_Goal of the exercise_
A precise reproduction of every record below is needed, minus the pictures.

_Working data_
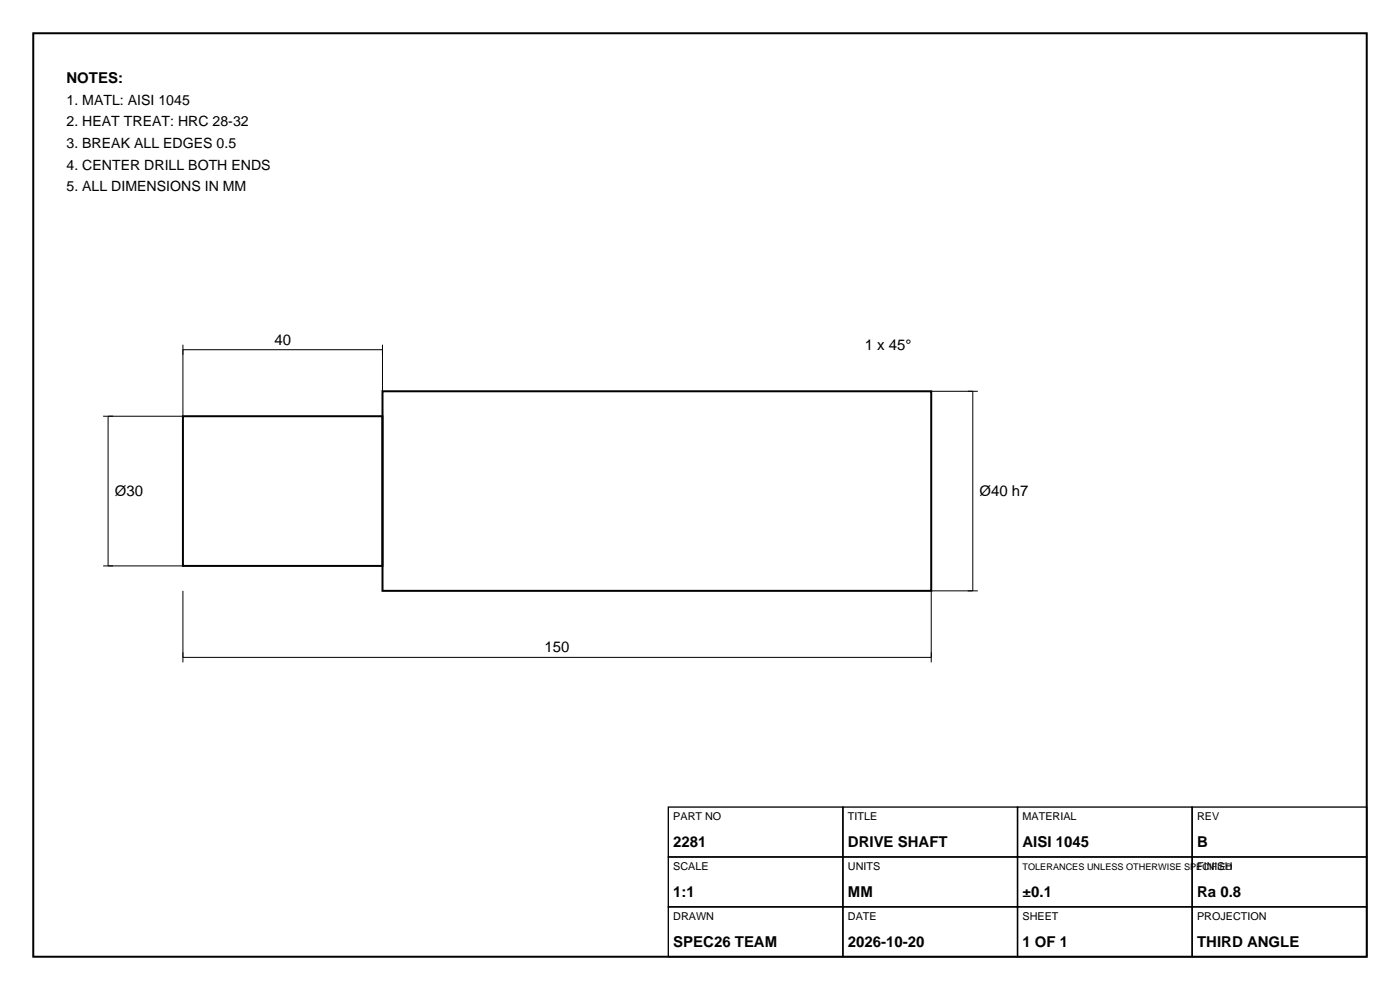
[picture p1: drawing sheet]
<svg xmlns="http://www.w3.org/2000/svg" width="297mm" height="210mm" viewBox="0 0 297 210" stroke-linecap="round" stroke-linejoin="round" font-family="sans-serif">
<defs><g id="words">
<g font-size="3.2">
<text x="14.1" y="17.6">NOTES:</text>
<text x="58.2" y="73.1">40</text>
<text x="183.4" y="74.2">1 x 45°</text>
<text x="24.3" y="105.2">Ø30</text>
<text x="207.8" y="105.2">Ø40 h7</text>
<text x="115.5" y="138.4">150</text>
<text x="142.8" y="179.7">2281</text>
<text x="179.9" y="179.7">DRIVE SHAFT</text>
<text x="216.9" y="179.7">AISI 1045</text>
<text x="254" y="179.7">B</text>
<text x="142.8" y="190.2">1:1</text>
<text x="179.9" y="190.2">MM</text>
<text x="216.9" y="190.2">±0.1</text>
<text x="254" y="190.2">Ra 0.8</text>
<text x="142.8" y="200.8">SPEC26 TEAM</text>
<text x="179.9" y="200.8">2026-10-20</text>
<text x="216.9" y="200.8">1 OF 1</text>
<text x="254" y="200.8">THIRD ANGLE</text>
</g>
<g font-size="3">
<text x="14.1" y="22.2">1. MATL: AISI 1045</text>
<text x="14.1" y="26.8">2. HEAT TREAT: HRC 28-32</text>
<text x="14.1" y="31.4">3. BREAK ALL EDGES 0.5</text>
<text x="14.1" y="36">4. CENTER DRILL BOTH ENDS</text>
<text x="14.1" y="40.6">5. ALL DIMENSIONS IN MM</text>
</g>
<g font-size="2.3">
<text x="142.8" y="174">PART NO</text>
<text x="179.9" y="174">TITLE</text>
<text x="216.9" y="174">MATERIAL</text>
<text x="254" y="174">REV</text>
<text x="142.8" y="184.6">SCALE</text>
<text x="179.9" y="184.6">UNITS</text>
<text x="254" y="184.6">FINISH</text>
<text x="142.8" y="195.2">DRAWN</text>
<text x="179.9" y="195.2">DATE</text>
<text x="216.9" y="195.2">SHEET</text>
<text x="254" y="195.2">PROJECTION</text>
</g>
<text font-size="1.9" x="216.9" y="184.6">TOLERANCES UNLESS OTHERWISE SPECIFIED</text>
</g></defs>
<path d="M7.1 7.1h282.8v195.8h-282.8zM38.8 88.3h42.3v31.7h-42.3zM81.1 83h116.5v42.3h-116.5z" fill="none" stroke="#000" stroke-width=".42"/>
<path d="M141.8 171.2h37v10.6h-37zM178.8 171.2h37.1v10.6h-37.1zM215.9 171.2h37v10.6h-37zM252.9 171.2h37v10.6h-37zM141.8 181.8h37v10.6h-37zM141.8 192.4h37v10.5h-37zM178.8 181.8h37.1v10.6h-37.1zM178.8 192.4h37.1v10.5h-37.1zM215.9 181.8h37v10.6h-37zM215.9 192.4h37v10.5h-37zM252.9 181.8h37v10.6h-37zM252.9 192.4h37v10.5h-37z" fill="none" stroke="#000" stroke-width=".28"/>
<path d="M38.8 73.1v15.2h-16.9M38.8 74.2h42.3M81.1 73.1v15.2M22.9 88.3v31.7M197.6 83h9.8M206.4 83v42.3M21.9 120h16.9M38.8 139.4h158.8M38.8 125.3v15.2M207.4 125.3h-9.8v15.2" fill="none" stroke="#000" stroke-width=".21"/>
<use href="#words"/>
</svg>

_Answer to this problem_
[picture p1: drawing sheet]
<svg xmlns="http://www.w3.org/2000/svg" width="297mm" height="210mm" viewBox="0 0 297 210" stroke-linecap="round" stroke-linejoin="round" font-family="sans-serif">
<defs><g id="words">
<g font-size="3.2">
<text x="14.1" y="17.6">NOTES:</text>
<text x="58.2" y="73.1">40</text>
<text x="183.4" y="74.2">1 x 45°</text>
<text x="24.3" y="105.2">Ø30</text>
<text x="207.8" y="105.2">Ø40 h7</text>
<text x="115.5" y="138.4">150</text>
<text x="142.8" y="179.7">2281</text>
<text x="179.9" y="179.7">DRIVE SHAFT</text>
<text x="216.9" y="179.7">AISI 1045</text>
<text x="254" y="179.7">B</text>
<text x="142.8" y="190.2">1:1</text>
<text x="179.9" y="190.2">MM</text>
<text x="216.9" y="190.2">±0.1</text>
<text x="254" y="190.2">Ra 0.8</text>
<text x="142.8" y="200.8">SPEC26 TEAM</text>
<text x="179.9" y="200.8">2026-10-20</text>
<text x="216.9" y="200.8">1 OF 1</text>
<text x="254" y="200.8">THIRD ANGLE</text>
</g>
<g font-size="3">
<text x="14.1" y="22.2">1. MATL: AISI 1045</text>
<text x="14.1" y="26.8">2. HEAT TREAT: HRC 28-32</text>
<text x="14.1" y="31.4">3. BREAK ALL EDGES 0.5</text>
<text x="14.1" y="36">4. CENTER DRILL BOTH ENDS</text>
<text x="14.1" y="40.6">5. ALL DIMENSIONS IN MM</text>
</g>
<g font-size="2.3">
<text x="142.8" y="174">PART NO</text>
<text x="179.9" y="174">TITLE</text>
<text x="216.9" y="174">MATERIAL</text>
<text x="254" y="174">REV</text>
<text x="142.8" y="184.6">SCALE</text>
<text x="179.9" y="184.6">UNITS</text>
<text x="254" y="184.6">FINISH</text>
<text x="142.8" y="195.2">DRAWN</text>
<text x="179.9" y="195.2">DATE</text>
<text x="216.9" y="195.2">SHEET</text>
<text x="254" y="195.2">PROJECTION</text>
</g>
<text font-size="1.9" x="216.9" y="184.6">TOLERANCES UNLESS OTHERWISE SPECIFIED</text>
</g></defs>
<path d="M7.1 7.1h282.8v195.8h-282.8zM38.8 88.3h42.3v31.7h-42.3zM81.1 83h116.5v42.3h-116.5z" fill="none" stroke="#000" stroke-width=".42"/>
<path d="M141.8 171.2h37v10.6h-37zM178.8 171.2h37.1v10.6h-37.1zM215.9 171.2h37v10.6h-37zM252.9 171.2h37v10.6h-37zM141.8 181.8h37v10.6h-37zM141.8 192.4h37v10.5h-37zM178.8 181.8h37.1v10.6h-37.1zM178.8 192.4h37.1v10.5h-37.1zM215.9 181.8h37v10.6h-37zM215.9 192.4h37v10.5h-37zM252.9 181.8h37v10.6h-37zM252.9 192.4h37v10.5h-37z" fill="none" stroke="#000" stroke-width=".28"/>
<path d="M38.8 73.1v15.2h-16.9M38.8 74.2h42.3M81.1 73.1v15.2M22.9 88.3v31.7M197.6 83h9.8M206.4 83v42.3M21.9 120h16.9M38.8 139.4h158.8M38.8 125.3v15.2M207.4 125.3h-9.8v15.2" fill="none" stroke="#000" stroke-width=".21"/>
<use href="#words"/>
</svg>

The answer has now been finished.